The safety and scientific validity of this study is the responsibility of the study sponsor and investigators. Listing a study does not mean it has been evaluated by the U.S. Federal Government. Read our disclaimer for details. Identifier: NCT03599154
Recruitment Status : Completed
First Posted : July 26, 2018
Last Update Posted : May 24, 2021
Information provided by (Responsible Party):
Centre Georges Francois Leclerc

Brief Summary:

Pancreatic cancer has a 5-year overall survival rate around 5%. It is the 6th most common cancer in France (11 600 new annual cases in 2012) and the 4th leading cause of cancer deaths in France and Europe.

Many translational research has tried to identify biomarkers in pancreatic cancer. Only the expression of hENT1 evaluated on the tumor tissue with the mouse antibody seems really relevant by providing a predictive value of the effectiveness of gemcitabine adjuvant. In a metastatic situation, there is no predictive marker of the effectiveness of chemotherapy treatments.

GemciTest(TM), studied in this study, is developed by the company Acobiom.

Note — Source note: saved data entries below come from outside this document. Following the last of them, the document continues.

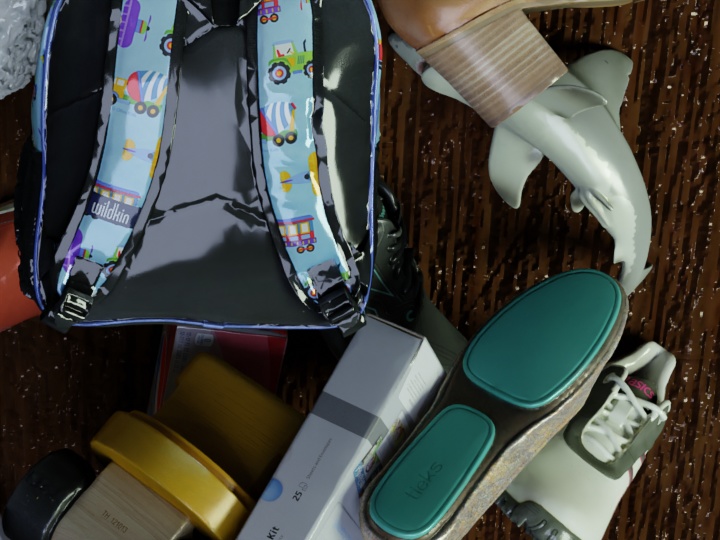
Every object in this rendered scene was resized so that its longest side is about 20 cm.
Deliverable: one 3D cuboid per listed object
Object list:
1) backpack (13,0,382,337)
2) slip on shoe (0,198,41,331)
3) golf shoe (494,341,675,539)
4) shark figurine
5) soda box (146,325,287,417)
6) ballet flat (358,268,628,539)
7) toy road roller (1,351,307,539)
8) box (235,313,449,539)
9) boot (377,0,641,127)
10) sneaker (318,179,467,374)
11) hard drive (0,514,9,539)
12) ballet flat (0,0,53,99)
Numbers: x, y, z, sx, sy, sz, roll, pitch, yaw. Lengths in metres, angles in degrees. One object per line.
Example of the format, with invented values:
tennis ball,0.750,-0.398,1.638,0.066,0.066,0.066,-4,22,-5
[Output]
backpack,-0.078,-0.079,1.435,0.181,0.135,0.201,0,111,-7
slip on shoe,-0.210,0.012,1.578,0.199,0.061,0.074,-15,128,6
golf shoe,0.122,0.093,1.601,0.077,0.200,0.088,40,111,-2
shark figurine,0.124,-0.066,1.538,0.128,0.090,0.215,-6,131,46
soda box,-0.087,0.089,1.645,0.063,0.070,0.201,6,129,-9
ballet flat,0.068,0.080,1.523,0.200,0.068,0.067,-45,154,-22
toy road roller,-0.085,0.138,1.562,0.146,0.123,0.200,-50,155,-14
box,-0.010,0.144,1.535,0.041,0.201,0.156,21,163,26
boot,0.087,-0.187,1.438,0.200,0.077,0.156,-38,95,-4
sneaker,0.000,0.000,1.578,0.079,0.076,0.200,-39,123,22
hard drive,-0.263,0.176,1.693,0.131,0.027,0.201,-19,111,10
ballet flat,-0.165,-0.169,1.441,0.071,0.072,0.201,10,130,-13
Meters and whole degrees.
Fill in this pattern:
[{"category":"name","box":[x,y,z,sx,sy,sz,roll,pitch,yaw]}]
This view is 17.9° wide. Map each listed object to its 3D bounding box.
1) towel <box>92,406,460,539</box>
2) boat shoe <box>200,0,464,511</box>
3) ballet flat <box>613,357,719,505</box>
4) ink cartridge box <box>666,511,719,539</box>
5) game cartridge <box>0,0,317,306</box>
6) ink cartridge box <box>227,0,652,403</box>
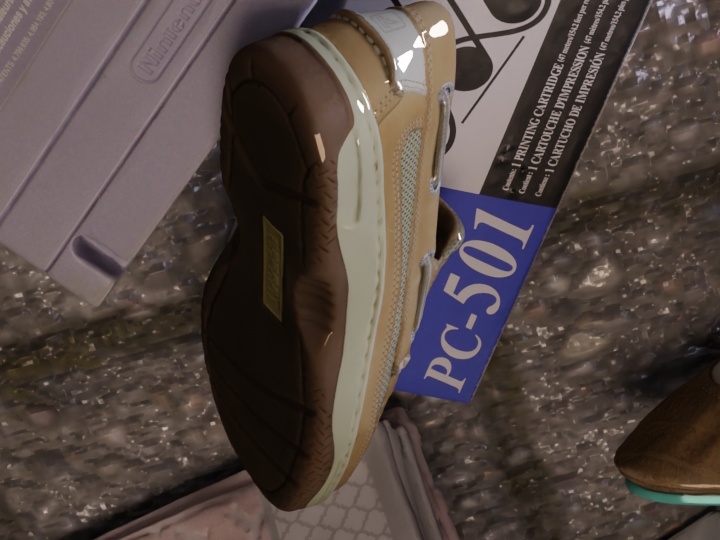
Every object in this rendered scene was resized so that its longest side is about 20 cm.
[{"category":"towel","box":[-0.034,0.174,0.830,0.190,0.201,0.032,-28,159,17]},{"category":"boat shoe","box":[0.000,0.000,0.706,0.076,0.072,0.201,-27,151,-27]},{"category":"ballet flat","box":[0.190,0.044,0.836,0.198,0.068,0.073,0,111,-8]},{"category":"ink cartridge box","box":[0.188,0.200,0.928,0.067,0.116,0.200,-37,125,22]},{"category":"game cartridge","box":[-0.078,-0.097,0.666,0.129,0.038,0.200,37,121,-4]},{"category":"ink cartridge box","box":[0.023,-0.049,0.738,0.093,0.044,0.201,10,129,-14]}]
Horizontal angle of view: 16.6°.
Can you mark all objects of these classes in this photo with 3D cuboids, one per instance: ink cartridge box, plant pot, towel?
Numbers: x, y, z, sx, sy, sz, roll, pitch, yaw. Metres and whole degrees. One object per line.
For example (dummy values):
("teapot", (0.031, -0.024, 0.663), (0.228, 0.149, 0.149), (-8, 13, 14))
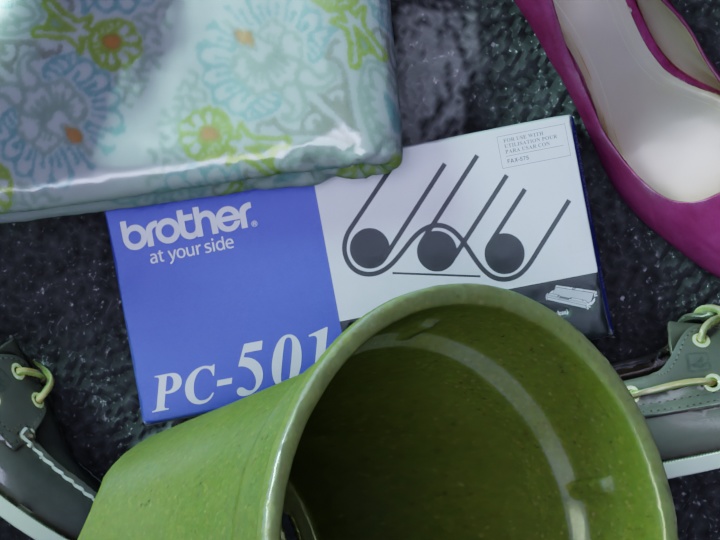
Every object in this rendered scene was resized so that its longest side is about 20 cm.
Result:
("ink cartridge box", (0.000, 0.000, 1.032), (0.198, 0.044, 0.095), (-11, 90, 5))
("plant pot", (-0.011, 0.118, 0.953), (0.199, 0.184, 0.202), (9, 76, -38))
("towel", (-0.087, -0.112, 1.017), (0.198, 0.048, 0.173), (-7, 79, 8))

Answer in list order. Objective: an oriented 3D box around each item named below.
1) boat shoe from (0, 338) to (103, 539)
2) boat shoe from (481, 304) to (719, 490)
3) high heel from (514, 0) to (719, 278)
("boat shoe", (-0.166, 0.051, 1.033), (0.201, 0.072, 0.061), (37, 87, -4))
("boat shoe", (0.133, 0.050, 1.011), (0.200, 0.072, 0.061), (-18, 96, 9))
("high heel", (0.119, -0.075, 0.994), (0.067, 0.096, 0.201), (-29, 90, 5))
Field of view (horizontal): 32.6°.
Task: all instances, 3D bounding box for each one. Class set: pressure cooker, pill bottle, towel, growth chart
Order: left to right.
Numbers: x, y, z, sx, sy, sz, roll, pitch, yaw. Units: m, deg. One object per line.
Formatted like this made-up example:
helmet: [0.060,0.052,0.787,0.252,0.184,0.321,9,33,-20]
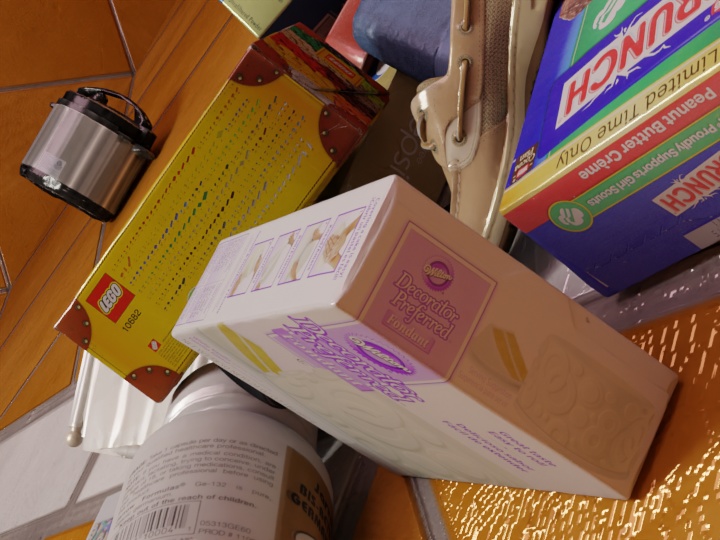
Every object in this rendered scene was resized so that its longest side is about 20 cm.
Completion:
pressure cooker: [-0.435,-0.199,2.006,0.201,0.176,0.179,-62,23,-5]
growth chart: [-0.162,0.080,0.924,0.200,0.018,0.145,5,76,49]
pill bottle: [-0.071,0.137,0.634,0.114,0.114,0.200,-48,18,24]
towel: [0.081,-0.153,0.745,0.200,0.048,0.112,35,93,47]

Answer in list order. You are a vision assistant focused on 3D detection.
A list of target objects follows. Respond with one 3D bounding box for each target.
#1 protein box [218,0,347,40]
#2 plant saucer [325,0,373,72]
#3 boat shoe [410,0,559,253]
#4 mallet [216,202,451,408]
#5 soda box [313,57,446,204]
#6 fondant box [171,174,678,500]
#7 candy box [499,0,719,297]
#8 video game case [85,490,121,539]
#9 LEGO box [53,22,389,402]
protein box: [-0.028,-0.289,1.033,0.200,0.135,0.198,-48,-15,10]
plant saucer: [0.001,-0.173,0.964,0.200,0.037,0.200,113,-178,-56]
boat shoe: [0.061,-0.083,0.641,0.071,0.064,0.201,-25,-55,-77]
mallet: [0.000,0.000,0.689,0.066,0.041,0.200,20,51,43]
soda box: [0.032,-0.104,0.844,0.064,0.068,0.201,-22,39,58]
fondant box: [0.016,0.036,0.536,0.058,0.144,0.200,-62,19,-19]
candy box: [0.155,-0.111,0.533,0.169,0.077,0.201,-34,30,49]
video game case: [-0.189,0.244,0.902,0.182,0.024,0.201,-31,32,53]
LEGO box: [-0.076,-0.039,0.732,0.200,0.077,0.149,-52,4,16]
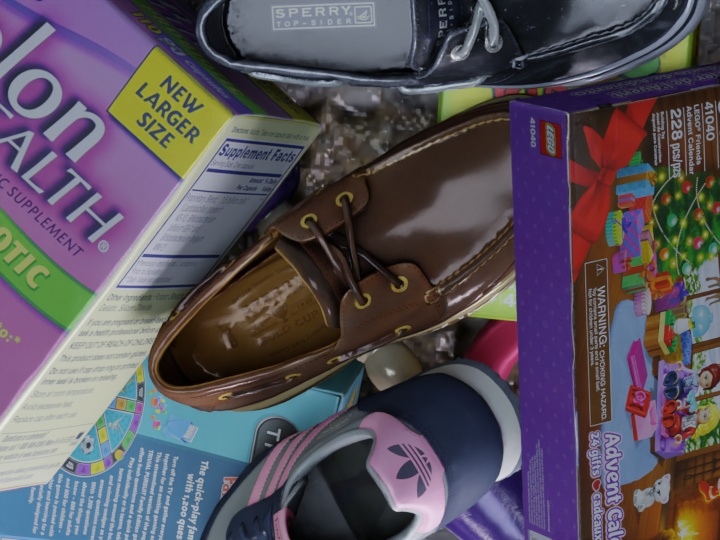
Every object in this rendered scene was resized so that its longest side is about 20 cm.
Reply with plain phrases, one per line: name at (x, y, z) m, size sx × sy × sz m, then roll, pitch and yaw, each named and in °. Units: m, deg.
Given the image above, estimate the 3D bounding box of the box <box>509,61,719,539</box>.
box at (0.126, 0.022, 1.154) m, size 0.039 × 0.136 × 0.201 m, roll 18°, pitch 116°, yaw 53°

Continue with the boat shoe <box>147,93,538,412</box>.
boat shoe at (-0.001, 0.000, 1.165) m, size 0.200 × 0.068 × 0.072 m, roll -33°, pitch 83°, yaw 22°

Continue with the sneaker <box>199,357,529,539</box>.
sneaker at (-0.021, 0.099, 1.192) m, size 0.070 × 0.082 × 0.200 m, roll 55°, pitch 134°, yaw 6°

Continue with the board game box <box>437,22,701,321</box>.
board game box at (0.085, -0.080, 1.189) m, size 0.101 × 0.048 × 0.201 m, roll 6°, pitch 102°, yaw 11°

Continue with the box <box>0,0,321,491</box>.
box at (-0.151, -0.040, 1.205) m, size 0.176 × 0.097 × 0.200 m, roll 43°, pitch 103°, yaw 15°

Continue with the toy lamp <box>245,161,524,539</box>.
toy lamp at (0.012, 0.036, 1.232) m, size 0.058 × 0.058 × 0.200 m, roll -40°, pitch 81°, yaw 22°

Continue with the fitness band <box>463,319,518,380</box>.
fitness band at (0.115, 0.096, 1.265) m, size 0.143 × 0.037 × 0.201 m, roll -10°, pitch 105°, yaw 19°

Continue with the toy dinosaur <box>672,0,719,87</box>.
toy dinosaur at (0.162, -0.104, 1.086) m, size 0.088 × 0.047 × 0.201 m, roll -28°, pitch 94°, yaw 14°

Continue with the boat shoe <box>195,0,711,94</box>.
boat shoe at (0.034, -0.102, 1.135) m, size 0.199 × 0.068 × 0.072 m, roll -1°, pitch 100°, yaw 13°

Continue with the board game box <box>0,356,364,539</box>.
board game box at (-0.110, 0.090, 1.306) m, size 0.199 × 0.047 × 0.152 m, roll 15°, pitch 110°, yaw 7°
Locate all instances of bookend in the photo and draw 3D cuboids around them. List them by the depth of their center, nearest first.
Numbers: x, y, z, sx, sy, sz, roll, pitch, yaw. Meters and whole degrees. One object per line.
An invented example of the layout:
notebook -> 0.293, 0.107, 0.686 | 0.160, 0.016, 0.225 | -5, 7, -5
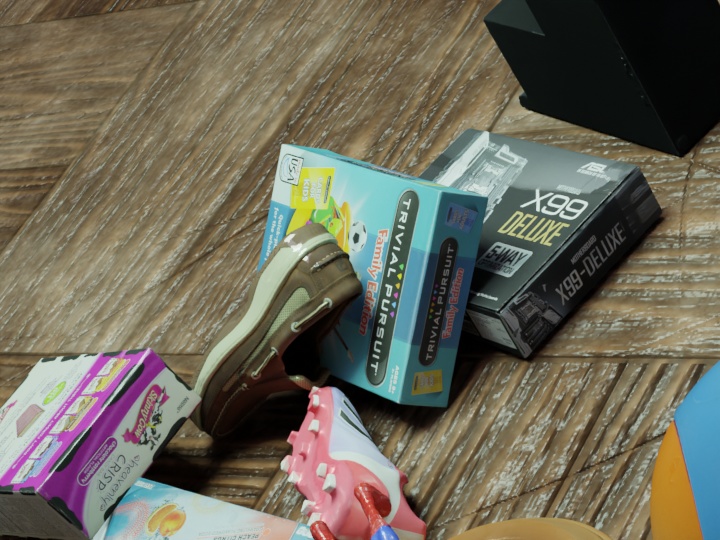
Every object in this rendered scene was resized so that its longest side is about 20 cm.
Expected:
bookend -> 0.169, -0.206, 1.697 | 0.092, 0.199, 0.200 | -44, 33, -15

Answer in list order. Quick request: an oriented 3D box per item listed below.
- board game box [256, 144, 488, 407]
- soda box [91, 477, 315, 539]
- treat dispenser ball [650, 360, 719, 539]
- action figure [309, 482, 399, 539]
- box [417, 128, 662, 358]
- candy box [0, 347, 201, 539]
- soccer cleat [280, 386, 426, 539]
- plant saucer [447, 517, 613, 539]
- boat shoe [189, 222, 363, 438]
board game box -> 0.000, 0.000, 1.623 | 0.200, 0.047, 0.152 | 19, 100, 53
soda box -> -0.088, 0.197, 1.487 | 0.199, 0.068, 0.064 | 8, 53, 46
treat dispenser ball -> 0.251, 0.124, 1.167 | 0.200, 0.201, 0.201 | -22, 33, 15
action figure -> 0.028, 0.209, 1.325 | 0.065, 0.052, 0.200 | -36, 36, 4
box -> 0.100, -0.025, 1.650 | 0.158, 0.050, 0.200 | -45, 33, -19
candy box -> -0.218, 0.129, 1.655 | 0.137, 0.061, 0.200 | -52, 22, -23
soccer cleat -> -0.005, 0.138, 1.519 | 0.200, 0.076, 0.067 | -113, 47, -72
plant saucer -> 0.075, 0.220, 1.347 | 0.199, 0.038, 0.201 | -22, 33, 15
boat shoe -> -0.060, 0.061, 1.600 | 0.075, 0.203, 0.075 | 46, 42, 18
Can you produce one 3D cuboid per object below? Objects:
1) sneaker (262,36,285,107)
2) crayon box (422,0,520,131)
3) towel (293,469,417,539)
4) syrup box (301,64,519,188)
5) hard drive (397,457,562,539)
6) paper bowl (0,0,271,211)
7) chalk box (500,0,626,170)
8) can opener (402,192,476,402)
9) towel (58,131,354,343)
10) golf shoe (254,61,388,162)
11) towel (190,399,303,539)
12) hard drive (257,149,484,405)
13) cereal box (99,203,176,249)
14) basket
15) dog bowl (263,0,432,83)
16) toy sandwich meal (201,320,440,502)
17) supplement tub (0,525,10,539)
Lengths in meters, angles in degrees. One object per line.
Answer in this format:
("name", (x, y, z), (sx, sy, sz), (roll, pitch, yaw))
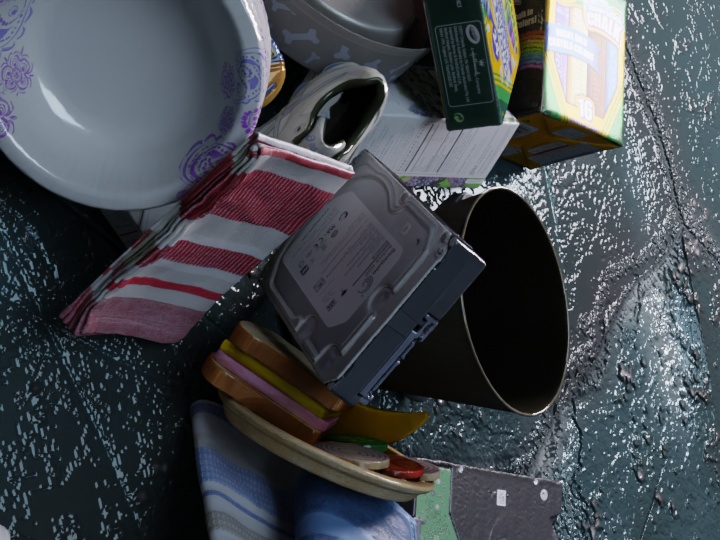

Test based on the qRT-PCR technology that allows the establishment of a molecular signature of 10 genes that showed its interest as a biomarker in 60 patients with metastatic pancreatic adenocarcinoma treated with gemcitabine. Retrospective analysis differentiated 2 patient populations:

  • 22 patients with a "favorable" expression gene with a median survival of 14.9 months
  • 35 patients with an "adverse" expression gene with a median survival of 5.1 months

Primary objective: To evaluate in patients with pancreatic cancer, treated with Gemcitabine alone or combined (nab-paclitaxel) or with Folfirinox, the prognostic value of the GemciTest(TM) test on overall survival and response to treatment.

To realize this study, only one 2.5 mL blood sample is taken before starting chemotherapy. The standard practice data is then saved.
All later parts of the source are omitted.